Что ж, аук так аук. Мы заняли свое место в хвосте очереди, позади тетенек с похожими телегами, и мне перестало быть совсем уж стыдно за нашу… Много было женщин с детскими колясками, которые использовались для перевозки всякой всячины. Были такие довоенные коляски-рыдваны, большие, из толстых, сварных железных трубок, с плоским дерматиновым подголовником и таким же лежаком, на который, если откинуть подголовник, тютелька в тютельку укладывался мешок с картошкой или капустой, на него сверху – второй, и вся эта поклажа крепилась веревками к продольным держалкам. Коляскам этим дребезжащим сносу не было, и часто те, кто в них ездил младенцем, потом вплоть до появления собственных детей возили на этих рыдванах тяжести, благо огромные блюдца-колеса с кондовыми рессорами позволяли.
А потом, через годы, снова возили в этих колясках детей, уже собственных.
У нас тоже была в сарае такая коляска. В ней когда-то, в конце тридцатых годов, катали мою маму. А в шестидесятых – меня. Я помню, как бабушка везла меня в ней, запеленутого в одеяльце, двух- или трехлетнего, по шумной улице, как я смотрел вверх, на озабоченное бабушкино лицо, а где-то рядом, ну просто руку протяни, с урчаньем ехали машины, и мне было страшно и неуютно. Года в три я уже вставал в этой коляске на четвереньки, лицом вперед – мне разрешали, это было интереснее, чем лежать на спине.

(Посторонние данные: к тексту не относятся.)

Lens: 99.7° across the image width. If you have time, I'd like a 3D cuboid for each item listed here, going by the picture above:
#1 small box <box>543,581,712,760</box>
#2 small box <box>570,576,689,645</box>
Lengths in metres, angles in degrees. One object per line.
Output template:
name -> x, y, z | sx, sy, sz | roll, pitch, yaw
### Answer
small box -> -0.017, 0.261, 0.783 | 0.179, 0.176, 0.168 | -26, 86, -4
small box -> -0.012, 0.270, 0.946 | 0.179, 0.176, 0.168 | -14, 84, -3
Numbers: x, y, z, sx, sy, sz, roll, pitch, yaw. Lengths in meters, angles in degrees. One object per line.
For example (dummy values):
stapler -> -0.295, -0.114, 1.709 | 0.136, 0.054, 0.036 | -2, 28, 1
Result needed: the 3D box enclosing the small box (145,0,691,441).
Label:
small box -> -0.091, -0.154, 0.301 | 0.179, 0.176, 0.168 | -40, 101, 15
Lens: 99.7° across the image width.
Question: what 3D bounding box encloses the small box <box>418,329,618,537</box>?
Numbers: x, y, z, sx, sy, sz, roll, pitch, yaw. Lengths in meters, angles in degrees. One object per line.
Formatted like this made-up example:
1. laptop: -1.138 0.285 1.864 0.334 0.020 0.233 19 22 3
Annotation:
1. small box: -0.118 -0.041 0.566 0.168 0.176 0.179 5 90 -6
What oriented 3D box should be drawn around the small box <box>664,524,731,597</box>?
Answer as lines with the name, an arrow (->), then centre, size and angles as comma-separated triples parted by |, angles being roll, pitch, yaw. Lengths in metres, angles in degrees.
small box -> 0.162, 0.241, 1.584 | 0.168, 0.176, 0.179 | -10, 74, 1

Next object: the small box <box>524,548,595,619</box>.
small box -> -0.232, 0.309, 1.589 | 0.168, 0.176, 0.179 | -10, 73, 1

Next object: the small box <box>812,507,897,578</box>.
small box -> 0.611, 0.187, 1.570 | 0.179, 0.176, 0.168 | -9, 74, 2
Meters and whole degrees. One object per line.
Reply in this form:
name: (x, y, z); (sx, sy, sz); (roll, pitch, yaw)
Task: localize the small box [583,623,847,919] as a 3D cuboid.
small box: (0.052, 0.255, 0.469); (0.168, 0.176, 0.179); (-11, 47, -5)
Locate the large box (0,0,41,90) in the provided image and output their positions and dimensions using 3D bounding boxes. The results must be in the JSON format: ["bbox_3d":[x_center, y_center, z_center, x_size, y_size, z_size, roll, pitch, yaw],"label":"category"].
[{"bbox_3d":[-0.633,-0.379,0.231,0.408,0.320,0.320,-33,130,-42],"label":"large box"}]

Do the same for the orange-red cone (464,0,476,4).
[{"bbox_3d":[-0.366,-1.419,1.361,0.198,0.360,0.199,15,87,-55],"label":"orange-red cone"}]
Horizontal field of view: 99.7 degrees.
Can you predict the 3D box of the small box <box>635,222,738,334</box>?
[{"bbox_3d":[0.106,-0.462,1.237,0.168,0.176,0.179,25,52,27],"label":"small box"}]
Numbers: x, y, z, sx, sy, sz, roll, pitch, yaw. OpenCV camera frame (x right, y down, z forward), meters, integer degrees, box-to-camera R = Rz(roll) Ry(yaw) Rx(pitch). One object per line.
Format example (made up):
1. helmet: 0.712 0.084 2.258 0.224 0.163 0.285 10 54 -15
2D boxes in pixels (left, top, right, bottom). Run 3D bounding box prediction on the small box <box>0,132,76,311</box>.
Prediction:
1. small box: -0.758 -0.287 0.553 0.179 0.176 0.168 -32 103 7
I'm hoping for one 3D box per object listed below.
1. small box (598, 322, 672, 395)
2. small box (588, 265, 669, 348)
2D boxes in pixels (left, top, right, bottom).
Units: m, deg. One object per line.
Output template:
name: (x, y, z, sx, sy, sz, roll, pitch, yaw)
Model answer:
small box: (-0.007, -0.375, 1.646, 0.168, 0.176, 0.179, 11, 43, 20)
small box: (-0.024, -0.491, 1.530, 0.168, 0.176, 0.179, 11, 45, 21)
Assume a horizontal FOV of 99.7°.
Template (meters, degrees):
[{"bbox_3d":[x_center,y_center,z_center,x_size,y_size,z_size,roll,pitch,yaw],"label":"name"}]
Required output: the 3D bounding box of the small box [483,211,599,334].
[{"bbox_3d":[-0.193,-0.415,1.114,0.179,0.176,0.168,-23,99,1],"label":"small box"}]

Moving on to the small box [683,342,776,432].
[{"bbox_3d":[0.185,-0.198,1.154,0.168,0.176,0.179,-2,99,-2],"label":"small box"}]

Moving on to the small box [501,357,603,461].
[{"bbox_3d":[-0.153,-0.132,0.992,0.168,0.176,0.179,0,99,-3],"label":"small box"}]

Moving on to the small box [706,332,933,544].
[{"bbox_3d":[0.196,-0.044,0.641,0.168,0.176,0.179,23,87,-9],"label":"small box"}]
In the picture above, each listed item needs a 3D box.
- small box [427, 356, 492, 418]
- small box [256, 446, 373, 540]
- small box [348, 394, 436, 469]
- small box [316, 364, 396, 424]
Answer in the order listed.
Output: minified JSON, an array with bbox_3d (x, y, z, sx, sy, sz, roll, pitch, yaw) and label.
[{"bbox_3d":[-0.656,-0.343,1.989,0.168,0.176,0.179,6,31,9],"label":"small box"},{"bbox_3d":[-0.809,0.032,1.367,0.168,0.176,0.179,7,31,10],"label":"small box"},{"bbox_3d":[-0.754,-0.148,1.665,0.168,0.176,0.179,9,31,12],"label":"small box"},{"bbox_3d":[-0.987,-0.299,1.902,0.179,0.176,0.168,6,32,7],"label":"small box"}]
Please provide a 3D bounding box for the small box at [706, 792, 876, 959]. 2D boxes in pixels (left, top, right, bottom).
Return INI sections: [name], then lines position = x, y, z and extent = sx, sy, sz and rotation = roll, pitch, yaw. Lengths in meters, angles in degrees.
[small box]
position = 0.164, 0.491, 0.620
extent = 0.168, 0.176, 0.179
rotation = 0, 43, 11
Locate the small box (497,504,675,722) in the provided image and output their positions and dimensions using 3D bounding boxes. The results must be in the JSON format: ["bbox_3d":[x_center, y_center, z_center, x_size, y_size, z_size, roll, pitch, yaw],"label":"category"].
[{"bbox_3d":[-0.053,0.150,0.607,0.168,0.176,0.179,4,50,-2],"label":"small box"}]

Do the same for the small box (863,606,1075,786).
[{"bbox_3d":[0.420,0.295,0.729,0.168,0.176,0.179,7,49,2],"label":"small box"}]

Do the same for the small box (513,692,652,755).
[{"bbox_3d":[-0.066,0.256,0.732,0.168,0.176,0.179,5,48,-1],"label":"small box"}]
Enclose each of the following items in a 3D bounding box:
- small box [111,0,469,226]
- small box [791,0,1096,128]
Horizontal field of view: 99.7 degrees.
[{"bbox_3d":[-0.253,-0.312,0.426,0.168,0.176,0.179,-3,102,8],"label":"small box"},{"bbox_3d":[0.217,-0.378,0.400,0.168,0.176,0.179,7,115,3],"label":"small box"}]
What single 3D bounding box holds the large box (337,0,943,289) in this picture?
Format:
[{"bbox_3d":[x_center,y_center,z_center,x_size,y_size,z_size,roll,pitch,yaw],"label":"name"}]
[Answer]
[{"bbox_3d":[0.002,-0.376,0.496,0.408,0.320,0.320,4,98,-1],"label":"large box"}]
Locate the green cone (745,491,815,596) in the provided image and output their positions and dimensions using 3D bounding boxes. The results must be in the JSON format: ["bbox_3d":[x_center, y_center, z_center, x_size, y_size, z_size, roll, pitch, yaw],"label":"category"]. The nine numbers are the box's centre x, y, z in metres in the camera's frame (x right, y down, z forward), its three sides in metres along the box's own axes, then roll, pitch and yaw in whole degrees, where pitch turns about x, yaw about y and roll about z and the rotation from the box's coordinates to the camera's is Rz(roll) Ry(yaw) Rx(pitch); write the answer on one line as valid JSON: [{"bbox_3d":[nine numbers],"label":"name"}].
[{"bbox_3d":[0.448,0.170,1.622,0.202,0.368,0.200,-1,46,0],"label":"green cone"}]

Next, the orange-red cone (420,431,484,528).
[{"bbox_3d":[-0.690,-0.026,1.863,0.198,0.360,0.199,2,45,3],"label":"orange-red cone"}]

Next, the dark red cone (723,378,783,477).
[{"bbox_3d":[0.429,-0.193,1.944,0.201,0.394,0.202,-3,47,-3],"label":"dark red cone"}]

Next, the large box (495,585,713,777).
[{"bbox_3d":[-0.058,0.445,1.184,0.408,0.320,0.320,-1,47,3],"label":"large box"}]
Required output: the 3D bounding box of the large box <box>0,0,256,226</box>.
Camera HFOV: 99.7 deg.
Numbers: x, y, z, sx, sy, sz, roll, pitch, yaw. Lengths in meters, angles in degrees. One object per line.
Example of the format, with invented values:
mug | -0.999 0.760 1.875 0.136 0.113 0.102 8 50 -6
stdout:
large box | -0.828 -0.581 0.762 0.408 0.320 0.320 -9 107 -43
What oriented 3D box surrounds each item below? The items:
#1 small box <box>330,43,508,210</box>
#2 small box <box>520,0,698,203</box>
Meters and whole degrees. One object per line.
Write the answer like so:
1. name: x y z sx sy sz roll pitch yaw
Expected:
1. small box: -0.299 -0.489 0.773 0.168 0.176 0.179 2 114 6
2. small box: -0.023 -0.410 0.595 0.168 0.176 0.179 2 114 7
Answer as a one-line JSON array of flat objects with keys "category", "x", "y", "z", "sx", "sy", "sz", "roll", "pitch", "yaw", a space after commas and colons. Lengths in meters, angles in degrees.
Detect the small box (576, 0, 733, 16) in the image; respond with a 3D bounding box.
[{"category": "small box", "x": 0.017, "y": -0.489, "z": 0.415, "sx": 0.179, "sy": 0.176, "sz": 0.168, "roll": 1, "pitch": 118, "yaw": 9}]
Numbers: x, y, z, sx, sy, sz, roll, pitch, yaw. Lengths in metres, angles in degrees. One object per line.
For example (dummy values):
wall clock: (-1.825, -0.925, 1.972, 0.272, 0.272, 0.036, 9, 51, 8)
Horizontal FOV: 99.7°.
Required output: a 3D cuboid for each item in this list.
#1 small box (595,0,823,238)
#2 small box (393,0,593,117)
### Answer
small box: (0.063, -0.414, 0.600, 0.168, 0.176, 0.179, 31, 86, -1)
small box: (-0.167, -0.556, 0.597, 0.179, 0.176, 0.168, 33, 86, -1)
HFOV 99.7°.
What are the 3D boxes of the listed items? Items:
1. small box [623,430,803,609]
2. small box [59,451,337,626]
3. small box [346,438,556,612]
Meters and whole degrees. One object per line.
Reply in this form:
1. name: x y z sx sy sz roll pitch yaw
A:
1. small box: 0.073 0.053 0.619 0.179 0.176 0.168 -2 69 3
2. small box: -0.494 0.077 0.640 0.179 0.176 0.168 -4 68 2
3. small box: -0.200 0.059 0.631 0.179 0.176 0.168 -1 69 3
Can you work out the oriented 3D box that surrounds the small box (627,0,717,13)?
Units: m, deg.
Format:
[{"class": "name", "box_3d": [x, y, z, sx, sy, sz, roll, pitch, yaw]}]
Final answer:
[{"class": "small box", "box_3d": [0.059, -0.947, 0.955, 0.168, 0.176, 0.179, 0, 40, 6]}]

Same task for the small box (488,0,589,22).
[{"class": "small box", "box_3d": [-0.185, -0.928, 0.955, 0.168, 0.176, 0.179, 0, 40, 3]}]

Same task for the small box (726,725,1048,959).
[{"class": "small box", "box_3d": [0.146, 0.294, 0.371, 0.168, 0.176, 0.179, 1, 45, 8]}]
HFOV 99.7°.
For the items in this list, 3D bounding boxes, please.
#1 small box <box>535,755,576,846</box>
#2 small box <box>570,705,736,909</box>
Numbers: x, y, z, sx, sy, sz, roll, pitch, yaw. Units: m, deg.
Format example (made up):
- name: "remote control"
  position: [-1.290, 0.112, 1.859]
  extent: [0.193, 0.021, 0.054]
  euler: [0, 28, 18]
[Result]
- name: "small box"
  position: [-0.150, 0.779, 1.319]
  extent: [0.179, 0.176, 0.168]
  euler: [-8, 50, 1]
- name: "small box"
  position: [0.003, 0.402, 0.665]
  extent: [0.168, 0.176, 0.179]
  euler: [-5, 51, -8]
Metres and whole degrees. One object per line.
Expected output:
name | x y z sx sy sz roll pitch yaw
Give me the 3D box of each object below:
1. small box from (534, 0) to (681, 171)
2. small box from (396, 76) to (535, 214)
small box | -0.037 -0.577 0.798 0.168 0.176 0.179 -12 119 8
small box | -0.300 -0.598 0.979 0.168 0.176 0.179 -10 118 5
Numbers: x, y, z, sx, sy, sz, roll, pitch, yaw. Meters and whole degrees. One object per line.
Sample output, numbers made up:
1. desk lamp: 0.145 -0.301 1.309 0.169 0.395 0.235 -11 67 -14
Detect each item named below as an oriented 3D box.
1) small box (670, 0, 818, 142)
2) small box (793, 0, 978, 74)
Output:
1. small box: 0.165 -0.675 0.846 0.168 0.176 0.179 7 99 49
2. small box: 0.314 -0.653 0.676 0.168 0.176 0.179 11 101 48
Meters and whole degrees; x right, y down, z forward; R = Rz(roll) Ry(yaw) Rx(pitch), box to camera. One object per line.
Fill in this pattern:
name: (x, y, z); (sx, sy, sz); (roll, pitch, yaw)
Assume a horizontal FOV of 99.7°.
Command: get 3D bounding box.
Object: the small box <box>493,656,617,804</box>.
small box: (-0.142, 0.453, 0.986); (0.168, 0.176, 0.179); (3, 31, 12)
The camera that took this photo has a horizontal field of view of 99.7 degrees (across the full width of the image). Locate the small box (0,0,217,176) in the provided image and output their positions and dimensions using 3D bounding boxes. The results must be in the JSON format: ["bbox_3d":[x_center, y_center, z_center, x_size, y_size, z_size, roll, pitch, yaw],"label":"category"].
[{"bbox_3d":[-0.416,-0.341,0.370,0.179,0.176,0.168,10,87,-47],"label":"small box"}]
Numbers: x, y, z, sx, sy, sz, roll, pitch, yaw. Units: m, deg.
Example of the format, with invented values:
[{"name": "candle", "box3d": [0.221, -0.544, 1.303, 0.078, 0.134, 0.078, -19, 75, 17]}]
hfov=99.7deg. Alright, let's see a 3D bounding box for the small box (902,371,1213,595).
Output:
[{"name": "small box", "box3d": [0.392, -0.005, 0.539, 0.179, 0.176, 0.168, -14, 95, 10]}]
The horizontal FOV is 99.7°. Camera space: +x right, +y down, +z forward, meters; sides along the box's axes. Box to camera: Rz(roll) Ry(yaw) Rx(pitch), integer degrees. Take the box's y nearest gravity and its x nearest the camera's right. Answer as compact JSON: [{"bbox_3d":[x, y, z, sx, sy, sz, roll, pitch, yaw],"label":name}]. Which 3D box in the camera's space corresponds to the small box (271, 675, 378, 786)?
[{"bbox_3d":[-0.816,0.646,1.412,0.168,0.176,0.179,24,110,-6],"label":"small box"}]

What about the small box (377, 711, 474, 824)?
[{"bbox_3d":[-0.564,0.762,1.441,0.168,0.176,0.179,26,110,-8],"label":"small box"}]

Мы простояли тогда за капустой дотемна, и в памяти остался поскрипывающий на ветру, качающийся козырек лампочки над распахнутыми деревянными воротами в хранилище, где стояли огромные весы-платформа, на которую грузчик, лазивший сапогами на гору капустных голов, ставил набранный им мешок капусты, а тетка-покупательница пеняла:
– Ты мне одних грязных листьев зеленых напихал!
Но это так, для проформы, видно было, что тетка рада, что достоялась-таки и ей хватило. А я маялся от голода, бабушка чуть не плакала, жалея меня, но отойти хоть на минутку в хлебный отдел за булкой не могла, потому что боялась, что ее не пустят обратно в очередь, а я как держатель нашей очереди мог и не быть засчитан бдительной и взволнованной толпой. За булкой мог сходить и я, ведь покупал же молоко и двадцать восемь бабушкиных копеек ни разу не потерял. Но на этот раз у бабушки была только бумажка в три рубля, и она опасалась, что меня либо обсчитает кассирша, либо деньгами как-то хитроумно завладеют пьяницы, неотлучно кучковавшиеся возле магазина… Конечно, обсчитать себя я бы не дал, поскольку мгновенно производил в уме все вычисления, особенно – все эти «сложить» и «отнять». А вот пьяные дяди… Как знать, как знать.